> The data:

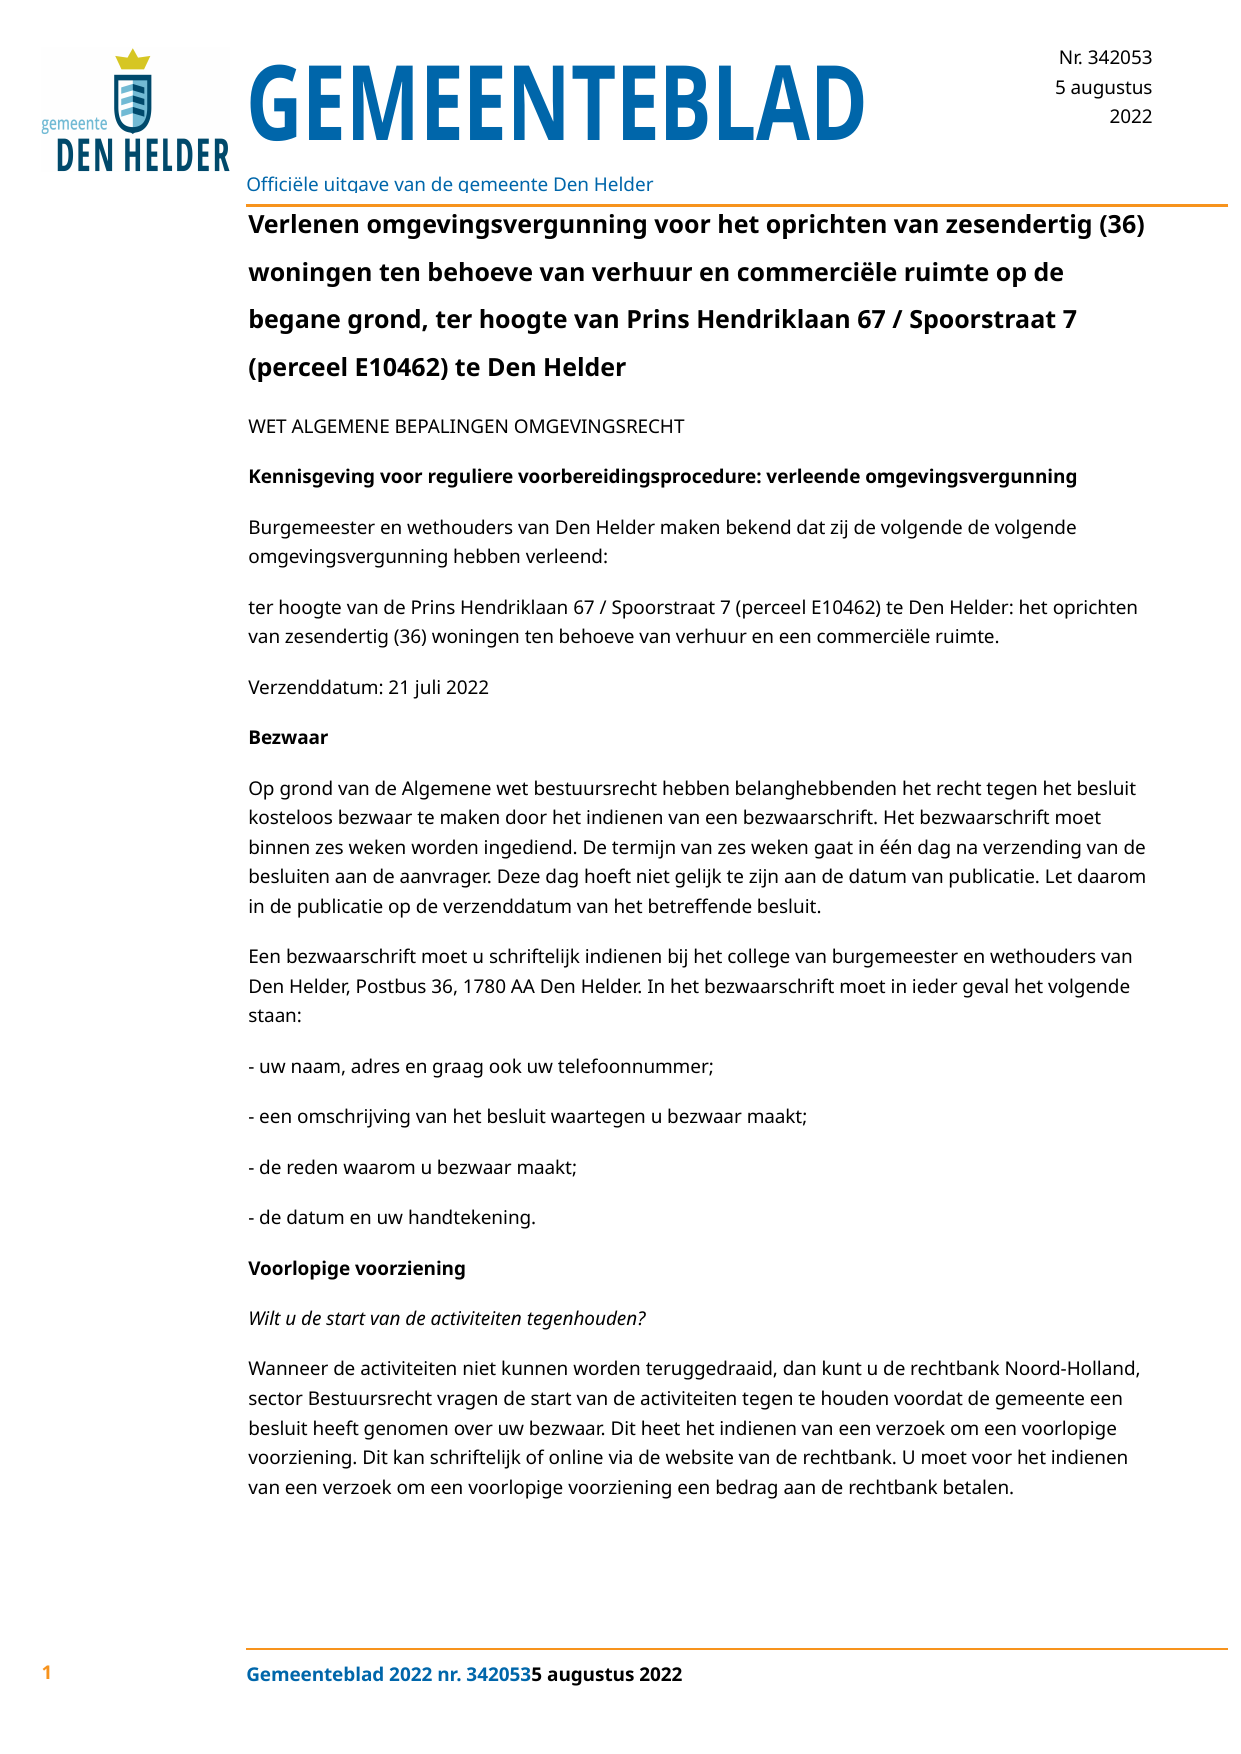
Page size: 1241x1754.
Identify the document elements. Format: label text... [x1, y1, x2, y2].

text Bezwaar [248, 724, 1152, 750]
text Een bezwaarschrift moet u schriftelijk indienen bij het college van burgemeester en wethouders van Den Helder, Postbus 36, 1780 AA Den Helder. In het bezwaarschrift moet in ieder geval het volgende staan: [248, 943, 1152, 1028]
picture [130, 157, 135, 172]
text Wanneer de activiteiten niet kunnen worden teruggedraaid, dan kunt u de rechtbank Noord-Holland, sector Bestuursrecht vragen de start van de activiteiten tegen te houden voordat de gemeente een besluit heeft genomen over uw bezwaar. Dit heet het indienen van een verzoek om een voorlopige voorziening. Dit kan schriftelijk of online via de website van de rechtbank. U moet voor het indienen van een verzoek om een voorlopige voorziening een bedrag aan de rechtbank betalen. [248, 1356, 1152, 1500]
text Voorlopige voorziening [248, 1255, 1152, 1281]
text - de reden waarom u bezwaar maakt; [248, 1154, 1152, 1180]
text Wilt u de start van de activiteiten tegenhouden? [248, 1305, 1152, 1331]
picture [100, 154, 106, 172]
picture [41, 47, 231, 172]
text - de datum en uw handtekening. [248, 1204, 1152, 1230]
text Verzenddatum: 21 juli 2022 [248, 674, 1152, 700]
text WET ALGEMENE BEPALINGEN OMGEVINGSRECHT [248, 413, 1152, 439]
picture [63, 144, 68, 165]
text - een omschrijving van het besluit waartegen u bezwaar maakt; [248, 1103, 1152, 1129]
picture [182, 144, 187, 165]
text Verlenen omgevingsvergunning voor het oprichten van zesendertig (36) woningen ten behoeve van verhuur en commerciële ruimte op de begane grond, ter hoogte van Prins Hendriklaan 67 / Spoorstraat 7 (perceel E10462) te Den Helder [248, 207, 1152, 384]
text Kennisgeving voor reguliere voorbereidingsprocedure: verleende omgevingsvergunning [248, 463, 1152, 489]
text ter hoogte van de Prins Hendriklaan 67 / Spoorstraat 7 (perceel E10462) te Den Helder: het oprichten van zesendertig (36) woningen ten behoeve van verhuur en een commerciële ruimte. [248, 594, 1152, 649]
text Op grond van de Algemene wet bestuursrecht hebben belanghebbenden het recht tegen het besluit kosteloos bezwaar te maken door het indienen van een bezwaarschrift. Het bezwaarschrift moet binnen zes weken worden ingediend. De termijn van zes weken gaat in één dag na verzending van de besluiten aan de aanvrager. Deze dag hoeft niet gelijk te zijn aan de datum van publicatie. Let daarom in de publicatie op de verzenddatum van het betreffende besluit. [248, 775, 1152, 919]
text - uw naam, adres en graag ook uw telefoonnummer; [248, 1053, 1152, 1079]
picture [220, 160, 224, 172]
text Burgemeester en wethouders van Den Helder maken bekend dat zij de volgende de volgende omgevingsvergunning hebben verleend: [248, 514, 1152, 569]

> Exercise: What is the number of lines in the listing that hold the word "start"? Say only that number.

> Written response: 2